Tawfik, who is in the Institute’s Biomolecular Sciences Department, says that this is all well and good, “but one vital type of amino acid has been missing from that experiment and every experiment that followed in its wake: amino acids like arginine and lysine that carry a positive electric charge.” These so-called cationic amino acids are particularly important to modern proteins, as they interact with DNA and RNA, both of which carry net negative charges. RNA is today presumed to be the original molecule that could both carry information and make copies of itself, so contact with positively-charged amino acids is deemed necessary for further steps in the development of living cells to occur.

But there was one positively-charged amino acid that appeared in the Miller-Urey experiments, an amino acid called ornithine that is today found as an intermediate step in arginine production, but is not, itself, used to build proteins. The research team asked: What if ornithine was the positive amino acid in those ancestral proteins? They designed an original experiment to test this hypothesis.

The scientists began with a relatively simple protein from a family that binds to DNA and RNA, applying phylogenetic methods to infer the sequence of the ancestral protein. This protein would have been rich in positive charges – 14 of the 64 amino acids being either arginine or lysine. Next, they created synthetic proteins in which ornithine replaced these as the positive charge carrier.

Proteins with primitive arginine-based proteins (right) might have been capable of self-assembly and phase separation to create cell-like droplets

The ornithine-based proteins bound to DNA, but weakly. In Metanis’ lab, however, the researchers applied simple chemical reactions that could convert ornithine to arginine. And these chemical reactions occurred under those conditions assumed to have prevailed on Earth at the time the first proteins would have appeared. As more and more of the ornithine was converted to arginine, the proteins came more and more to resemble modern proteins, and to bind to DNA in a way that was stronger and more selective.

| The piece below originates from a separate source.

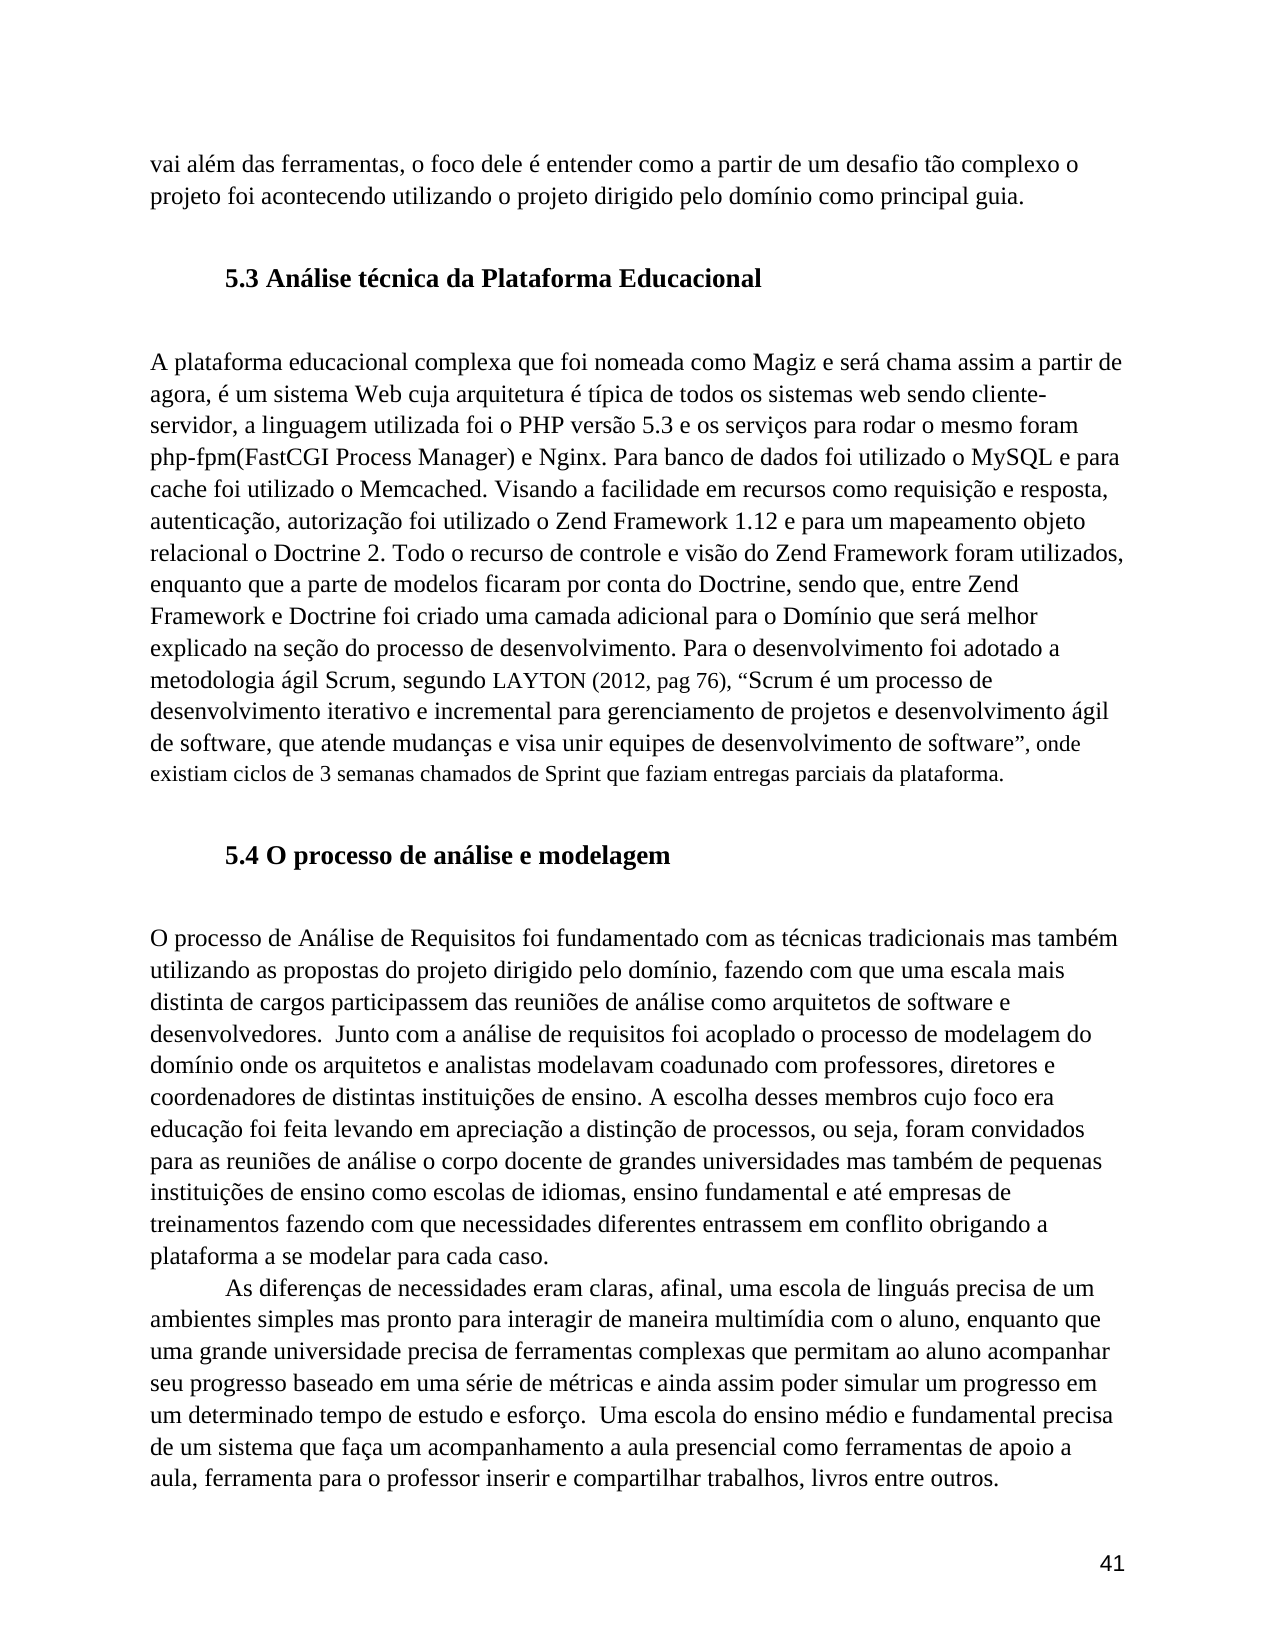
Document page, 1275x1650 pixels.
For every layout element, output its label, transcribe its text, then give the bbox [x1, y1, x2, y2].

The scientists also discovered that in the presence of RNA, that the ancient form of the peptide engaged in phase separation (like oil drops in water) – a step that can then lead to self-assembly and compartmentalization. And this, says Tawfik, suggests that such proteins, together with RNA, could form proto-cells, from which living cells as we know them now might have evolved.

To summarise that then, this team believe they have solved the problem of how the earliest self-replicating RNA molecules could have synthesises the earliest proteins and have shown that it will happen in conditions that are believed to have prevailed when living cells first arose on Earth some 3.7 billion years ago. As the reaction progressed, the resulting proteins came to resemble modern proteins more closely and bound to DNA more firmly in a way that was more selective. These proteins could then have formed droplets in water by phase-separation, and we have the beginnings of simple, RNA-containing cells.

No gods or magic appear to have been involved anywhere in this process.